Ratification of the appointment of Grant Thornton as the Company’s independent registered public accounting firm is not required to be submitted to our stockholders for a vote. The Sarbanes-Oxley Act of 2002 requires the Audit Committee to be directly responsible for the appointment, compensation and oversight of the audit work of the independent registered public accounting firm. However, the Board is submitting this matter to the stockholders for ratification as a matter of good corporate governance.

If the appointment of Grant Thornton is not ratified by the stockholders at the Annual Meeting, the Audit Committee may reconsider whether to retain Grant Thornton, and may retain Grant Thornton or another firm without resubmitting the matter to the Company’s stockholders. Even if the stockholders vote in favor of ratification of the appointment, the Audit Committee may, in its discretion, direct the appointment of a different independent registered public accounting firm at any time during the year if it determines that such a change would be in the best interests of the Company and the stockholders.

Representatives of Grant Thornton regularly attend meetings of the Audit Committee. The Audit Committee pre-approves and reviews audit and non-audit services performed by Grant Thornton, as well as the fees charged by Grant Thornton for such services. In its pre-approval and review of non-audit service fees, the Audit Committee considers, among other factors, the possible effect of the performance of such services on Grant Thornton’s independence. To avoid potential conflicts of interest, publicly traded companies are prohibited from obtaining certain non-audit services, such as bookkeeping or actuarial services, from its independent registered public accounting firm. In 2023 and 2022, we did not obtain any of these prohibited services from Grant Thornton. For additional information concerning the Audit Committee and its relationship with Grant Thornton, see “Corporate Governance” and “Audit Committee Report” below.
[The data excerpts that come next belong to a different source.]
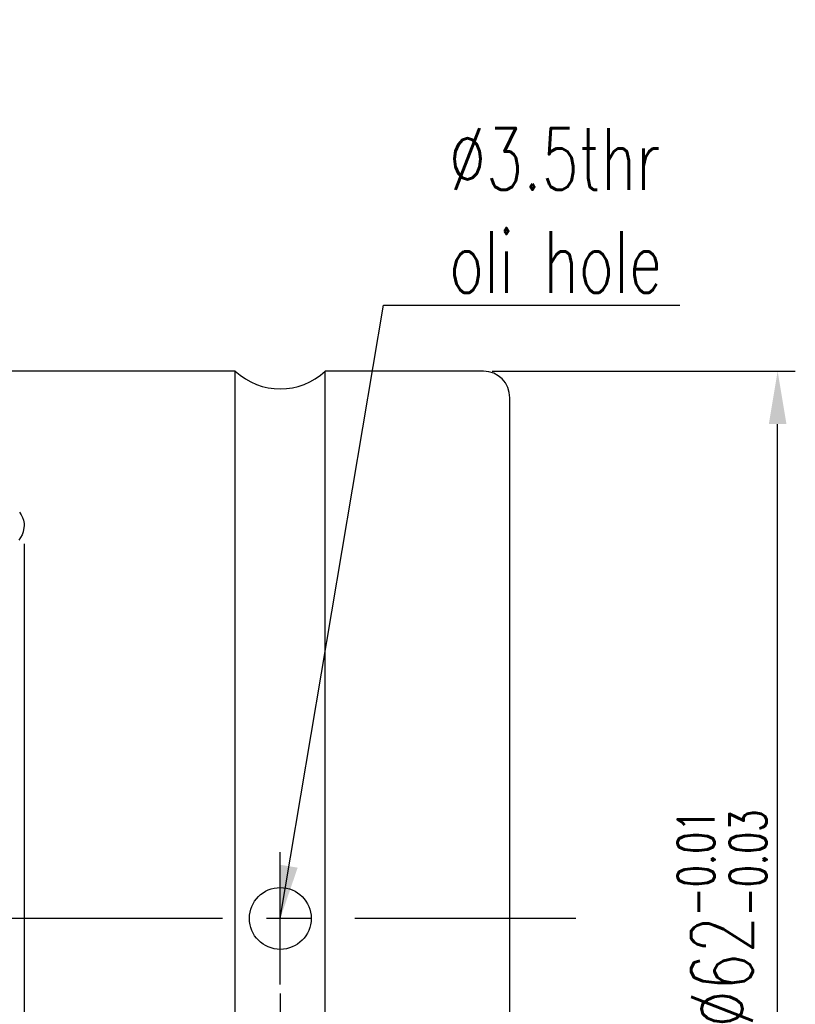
# Model space of a CAD drawing. Extents: x 44 to 247, y 49 to 160.
# Tile 49 of 49: x 203 to 247, y 104 to 159. Entities that reach past the tile are written whole.
import ezdxf

# ---------------------------------------------------------------- set-up
doc = ezdxf.new("R2010")
doc.units = 0
doc.header["$MEASUREMENT"] = 0
doc.linetypes.add('CENTER', pattern=[2, 1.25, -0.25, 0.25, -0.25])
for name, color, linetype in [('CENTER', 7, 'CONTINUOUS'), ('DIM', 4, 'CONTINUOUS'), ('MAIN', 7, 'CONTINUOUS'), ('OUT', 3, 'CONTINUOUS')]:
    doc.layers.add(name, color=color, linetype=linetype)
doc.styles.add('CHN', font='SIMPLEX.shx', dxfattribs={"width": 0.7, "bigfont": 'CHINESET.shx'})
doc.dimstyles.get("Standard").update_dxf_attribs({"dimscale": 0, "dimtxt": 4, "dimasz": 3, "dimexe": 1, "dimexo": 0.5, "dimgap": 1, "dimtad": 1, "dimdsep": 46, "dimtxsty": 'CHN', "dimcen": 0.09, "dimclrd": 256, "dimclre": 256, "dimclrt": 256, "dimadec": 0, "dimazin": 0, "dimtp": 1, "dimtm": 1, "dimtfac": 0.6, "dimtix": 1, "dimtmove": 2, "dimatfit": 3, "dimfxl": 1, "dimtvp": 0.85, "dimtolj": 1, "dimarcsym": 0})

# ---------------------------------------------------------------- blocks, each defined once
blk = doc.blocks.new('*D4')
at = {"layer": 'DIM', "color": 0, "lineweight": -2, "transparency": 16777216}
for p, q in [((229.93, 139.573), (247.094, 139.573)), ((246.094, 80.573), (246.094, 136.573)), ((229.93, 77.573), (247.094, 77.573))]:
    blk.add_line(p, q, dxfattribs=at)
at = {"layer": 'DIM', "color": 0, "transparency": 16777216}
for points in [[(245.594, 136.573), (246.594, 136.573), (246.094, 139.573)], [(245.594, 80.573), (246.594, 80.573), (246.094, 77.573)]]:
    blk.add_solid(points, dxfattribs=at)
at = {"layer": 'DIM', "color": 0, "transparency": 16777216, "insert": (242.944, 108.573), "char_height": 3.5, "attachment_point": 5, "rotation": 90, "style": 'CHN'}
blk.add_mtext('\\A1;%%C62{\\H2.1;\\S-0.01^ -0.03;}', dxfattribs=at)
blk = doc.blocks.new('*D3')
at = {"layer": 'DIM', "color": 0, "lineweight": -2, "transparency": 16777216}
for p, q in [((203.426, 129.797), (203.426, 57.003)), ((230.93, 78.573), (230.93, 57.003)), ((206.426, 58.003), (227.93, 58.003))]:
    blk.add_line(p, q, dxfattribs=at)
at = {"layer": 'DIM', "color": 0, "transparency": 16777216}
for points in [[(206.426, 58.503), (206.426, 57.503), (203.426, 58.003)], [(227.93, 58.503), (227.93, 57.503), (230.93, 58.003)]]:
    blk.add_solid(points, dxfattribs=at)
at = {"layer": 'DIM', "color": 0, "transparency": 16777216, "insert": (217.178, 60.453), "char_height": 3.5, "attachment_point": 5, "style": 'CHN'}
blk.add_mtext('\\A1;27.5', dxfattribs=at)
blk = doc.blocks.new('*D2')
at = {"layer": 'DIM', "color": 0, "lineweight": -2, "transparency": 16777216}
for p, q in [((217.93, 104.323), (217.93, 66.7)), ((230.93, 78.573), (230.93, 66.7)), ((227.93, 67.7), (220.93, 67.7))]:
    blk.add_line(p, q, dxfattribs=at)
at = {"layer": 'DIM', "color": 0, "transparency": 16777216}
for points in [[(220.93, 68.2), (220.93, 67.2), (217.93, 67.7)], [(227.93, 68.2), (227.93, 67.2), (230.93, 67.7)]]:
    blk.add_solid(points, dxfattribs=at)
at = {"layer": 'DIM', "color": 0, "transparency": 16777216, "insert": (224.43, 70.15), "char_height": 3.5, "attachment_point": 5, "style": 'CHN'}
blk.add_mtext('\\A1;13', dxfattribs=at)

msp = doc.modelspace()

# ---------------------------------------------------------------- linework, layer by layer
at = {"layer": 'CENTER', "color": 0, "linetype": 'CENTER', "ltscale": 10}
for p, q in [((217.93, 104.823), (217.93, 112.323)), ((234.657, 108.573), (142.93, 108.573))]:
    msp.add_line(p, q, dxfattribs=at)
at = {"layer": 'MAIN', "color": 0, "linetype": 'Continuous', "ltscale": 5}
for p, q in [((215.38, 139.573), (147.43, 139.573)), ((229.43, 139.573), (220.479, 139.573)), ((230.93, 79.073), (230.93, 138.073))]:
    msp.add_line(p, q, dxfattribs=at)
at = {"layer": 'MAIN', "color": 0, "linetype": 'Continuous'}
msp.add_lwpolyline([(203.155, 131.593), (203.256, 131.443), (203.336, 131.283), (203.389, 131.128), (203.423, 130.952), (203.43, 130.825), (203.43, 130.825), (203.375, 130.474), (203.31, 130.309), (203.223, 130.153), (203.118, 130.01)], dxfattribs=at)
at = {"layer": 'MAIN', "color": 0, "linetype": 'Continuous', "ltscale": 5}
msp.add_arc((229.43, 138.073), 1.5, 0, 90, dxfattribs=at)
at = {"layer": 'OUT', "color": 0}
for p, q in [((215.38, 77.573), (215.38, 139.573)), ((220.479, 77.573), (220.479, 139.573))]:
    msp.add_line(p, q, dxfattribs=at)
msp.add_circle((217.93, 108.573), 1.75, dxfattribs=at)
msp.add_arc((217.93, 142.323), 3.75, 227.1666, 312.8334, dxfattribs=at)

# ---------------------------------------------------------------- texts
at = {"layer": 'DIM', "color": 0, "insert": (227.482, 144.014), "char_height": 3.5, "attachment_point": 7, "style": 'CHN'}
msp.add_mtext('\\A1;%%C3.5thr\\Poli hole', dxfattribs=at)

# ---------------------------------------------------------------- dimensions: what is measured, and where the dimension line sits
at = {"layer": 'DIM', "color": 0}
dim = msp.add_linear_dim(base=(246.094, 139.573), p1=(229.43, 77.573), p2=(229.43, 139.573), angle=90, text='%%C<>', dimstyle='STANDARD', override={"dimscale": 1, "dimtxt": 3.5, "dimgap": 0.7, "dimclrd": 0, "dimclre": 0, "dimclrt": 0, "dimtol": 1, "dimlim": 0, "dimtp": -0.01, "dimtm": 0.03}, dxfattribs=at)
dim.commit()
dim.dimension.update_dxf_attribs({"geometry": '*D4', "text_midpoint": (242.944, 108.573)})
for base, p1, p2, picture, middle in [((230.93, 58.003), (203.426, 130.297), (230.93, 79.073), '*D3', (217.178, 60.453)), ((217.93, 67.7), (230.93, 79.073), (217.93, 104.823), '*D2', (224.43, 70.15))]:
    dim = msp.add_linear_dim(base=base, p1=p1, p2=p2, dimstyle='STANDARD', override={"dimscale": 1, "dimtxt": 3.5, "dimgap": 0.7, "dimclrd": 0, "dimclre": 0, "dimclrt": 0}, dxfattribs=at)
    dim.commit()
    dim.dimension.update_dxf_attribs({"geometry": picture, "text_midpoint": middle})

# ---------------------------------------------------------------- leaders
at = {"layer": 'DIM', "color": 0, "annotation_type": 0, "has_hookline": 1, "hookline_direction": 0, "text_width": 13.067}
msp.add_leader([(217.93, 108.573), (223.782, 143.314), (226.782, 143.314)], dimstyle='STANDARD', override={"dimscale": 1, "dimtxt": 3.5, "dimgap": 0.7, "dimtad": 1, "dimclrd": 0}, dxfattribs=at)

doc.saveas('drawing.dxf')

Audit and Non-Audit Fees Billed to the Company by Independent Registered Public Accounting Firm

The following table summarizes the fees we were billed for audit and non-audit services rendered by Grant Thornton for 2023 and 2022.

 

For the Years Ended

   

December 31,
2023

 

December 31,
2022

Audit Fees(1)

 

$

1,048,603

 

$

100,360

Audit-Related Fees

 

$

 

$

Tax Fees(2)

 

$

 

$

8,520

All Other Fees

 

$

 

$

Total

 

$

1,048,603

 

$

108,940

____________

(1)      Audit Fees. Audit fees consist of fees billed for professional services rendered for the audit of our year-end financial statements and the reviews of our quarterly reports on Form 10-Q and services that are normally provided by our independent registered public accounting firm in connection with statutory and regulatory filings, including in connection with review of registration statements and consents. Audit fees associated with the year ended December 31, 2023 include the audit fees for the years ended December 31 2021, 2022 and 2023 and related interim financial statements for inclusion in registration statements and periodic interim filings after the Closing of the Business Combination.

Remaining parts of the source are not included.